As United States Supreme Court Justice Hugo Black wrote in the landmark case New York Times v. U.S.: “The press was to serve the governed, not the governors. The Government’s power to censor the press was abolished so that the press would remain forever free to censure the Government.”
The Bangladeshi government continues to travel down a dark path away from press freedom. With each journalist it arrests, detains, and punishes, it suppresses the work of countless other journalists. It tells them it is dangerous to perform their responsibilities. A government hostile to a free and fair press is a government willing to be hostile to democracy.

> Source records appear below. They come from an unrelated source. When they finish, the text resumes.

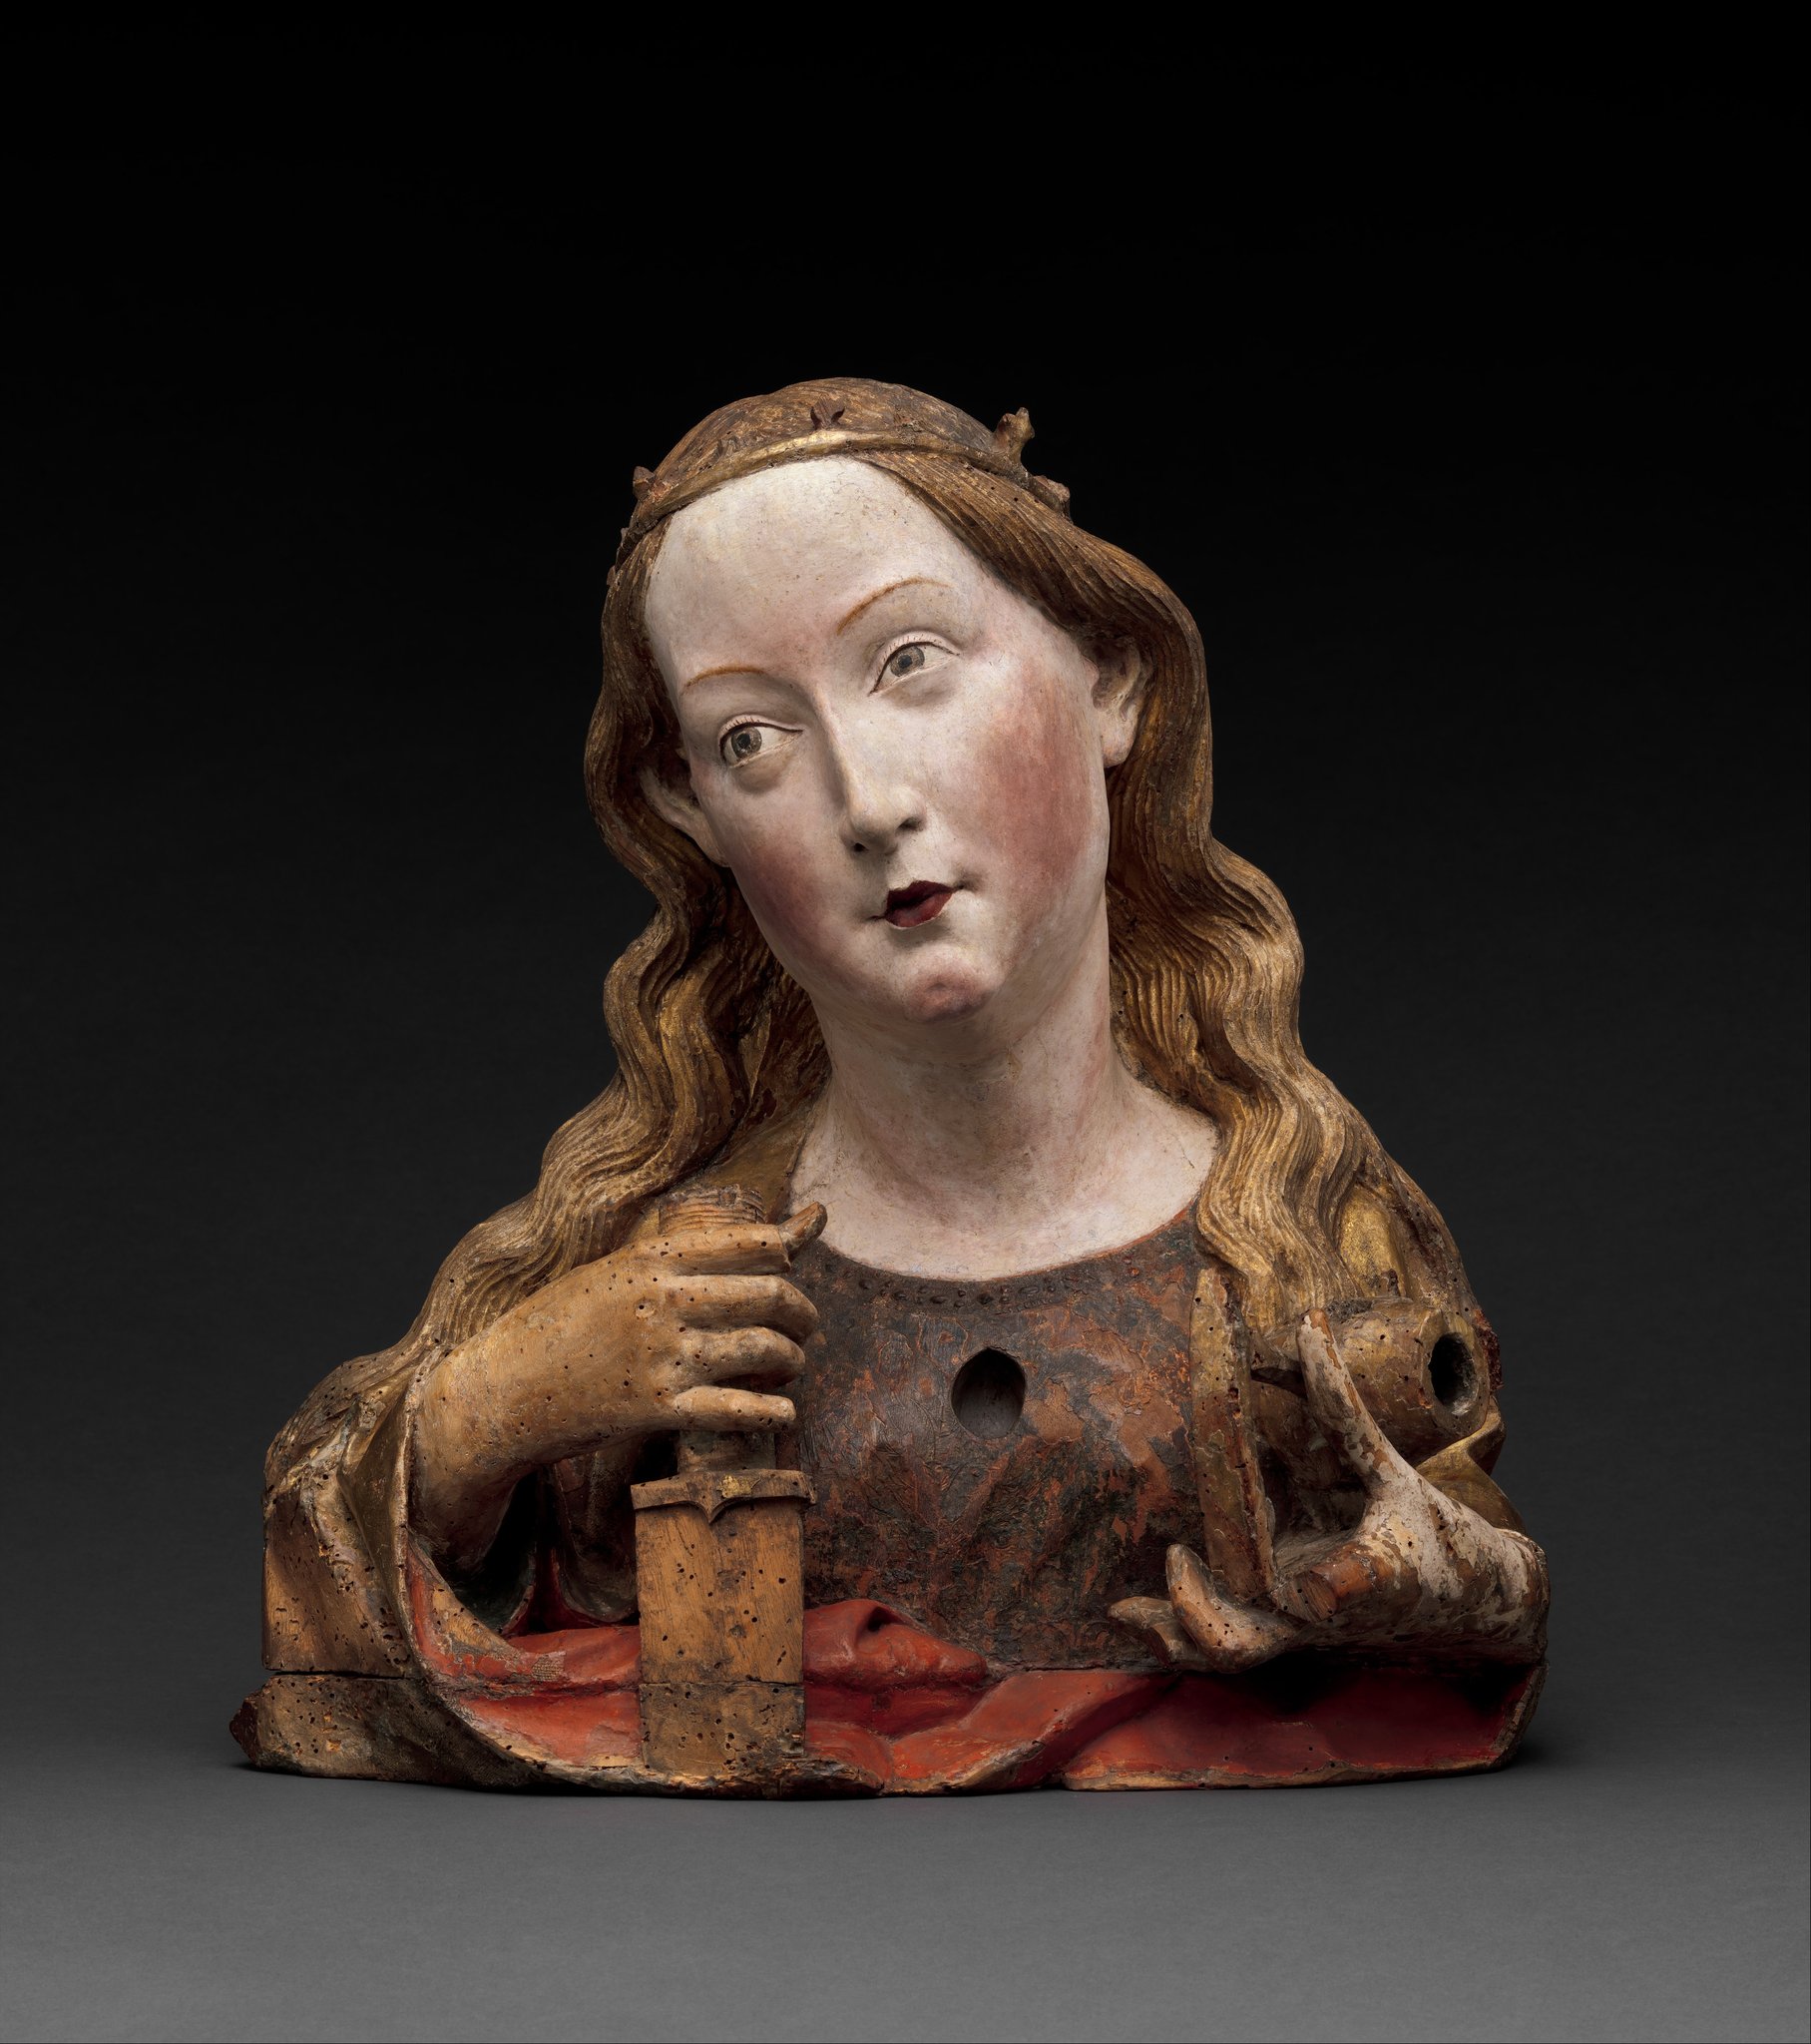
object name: reliquary bust
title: Reliquary Bust of Saint Catherine of Alexandria
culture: german
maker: niclaus gerhaert von leyden
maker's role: artist
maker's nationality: north netherlandish
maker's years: 1462-1473
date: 1465
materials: paint, wood
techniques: gilding
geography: germany
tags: saint catherine
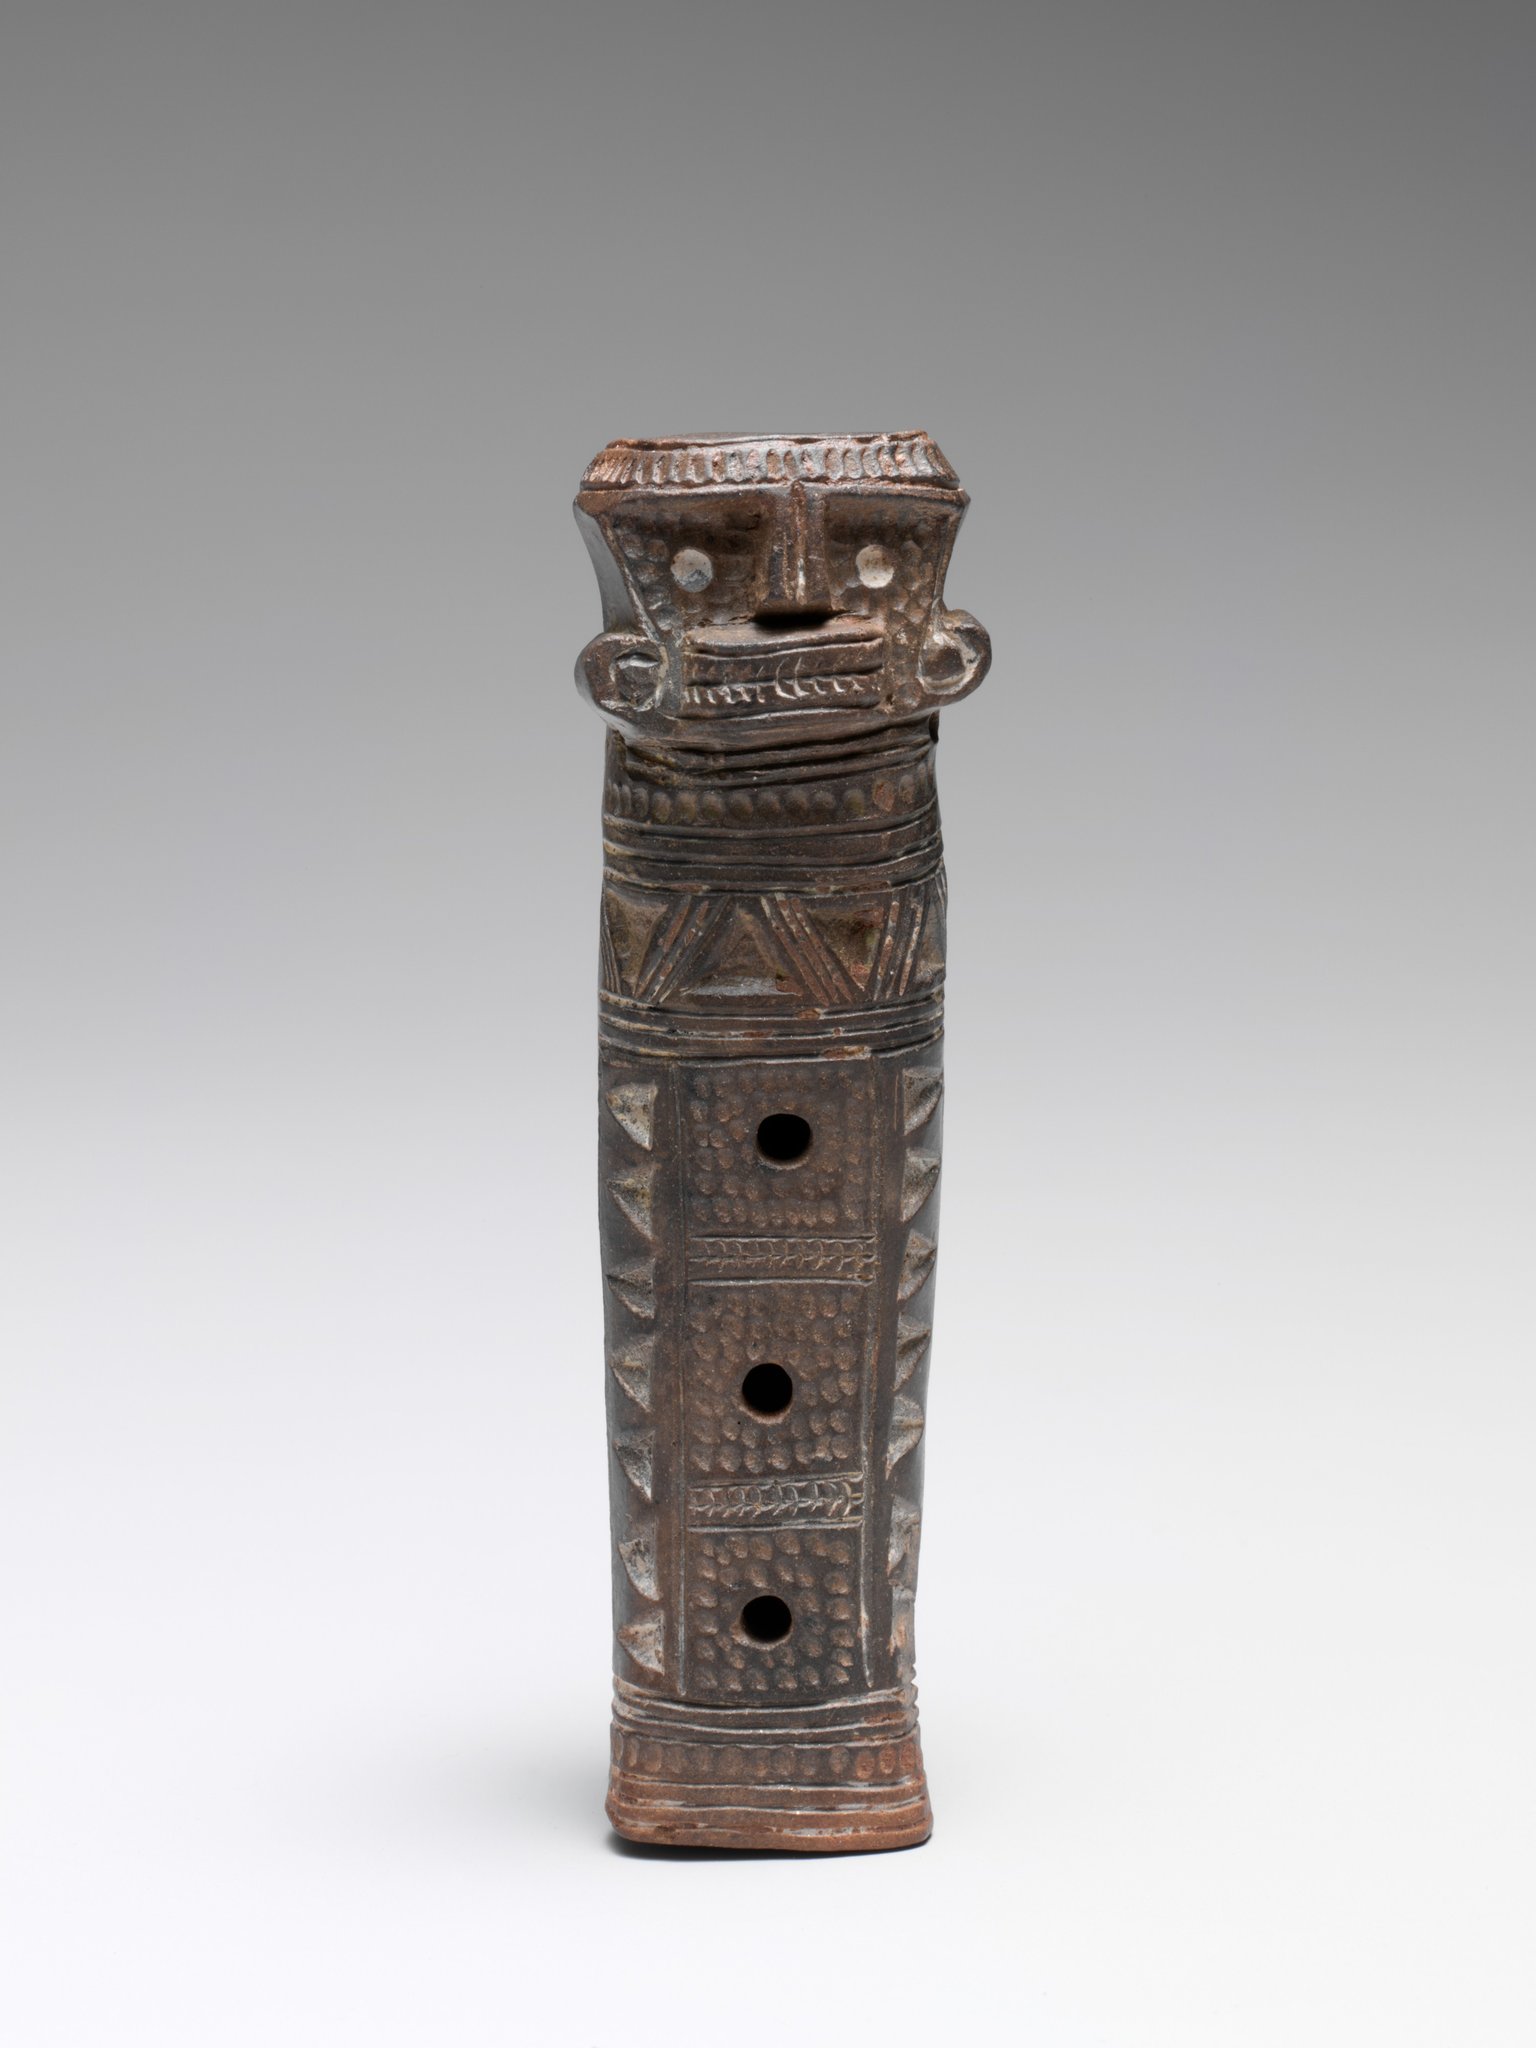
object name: flute
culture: tairona
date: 1300-1500
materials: ceramic
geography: colombia

Hi Sarah! This is a great post! The persecution and intimidation of journalists around the world is a deeply troubling and disheartening issue. The press it seems has always been at war with governing bodies. As a pessimist might say, their natures are simply too far opposed. One is designed to expose and inform, while the other is designed to operate by any means necessary, and they are constantly in each other’s way. Ironically, similar to the false belief that democratic erosion and backsliding are recent events, there is a misunderstanding that the increased assaults on the press are new as well. Journalists have been under fire for decades, meaning despite Bangladesh’s current political turmoil, it is a story heard a thousand times over. I appreciate your citations of the various laws and acts used to tamper down on journalists like Rozina Islam and followed through in describing the consequences she faced for “violating” said laws. Russia and China are other major examples of governments using laws and legal loopholes to restrict journalists as well as the free speech itself. By limiting almost all private media outlets, people are forced to rely on state-run media, which is vulnerable to major manipulation. And taking it a step further, China even has monitoring programs and restrictions in place for citizens that want to criticize the government. The United States may also be taking a step in the wrong direction as it just recently considered updating libel and defamation laws, making them even more restrictive. Without the ability to report, censure, and speak out, governments are left unchecked and people are unprepared to participate in democracy.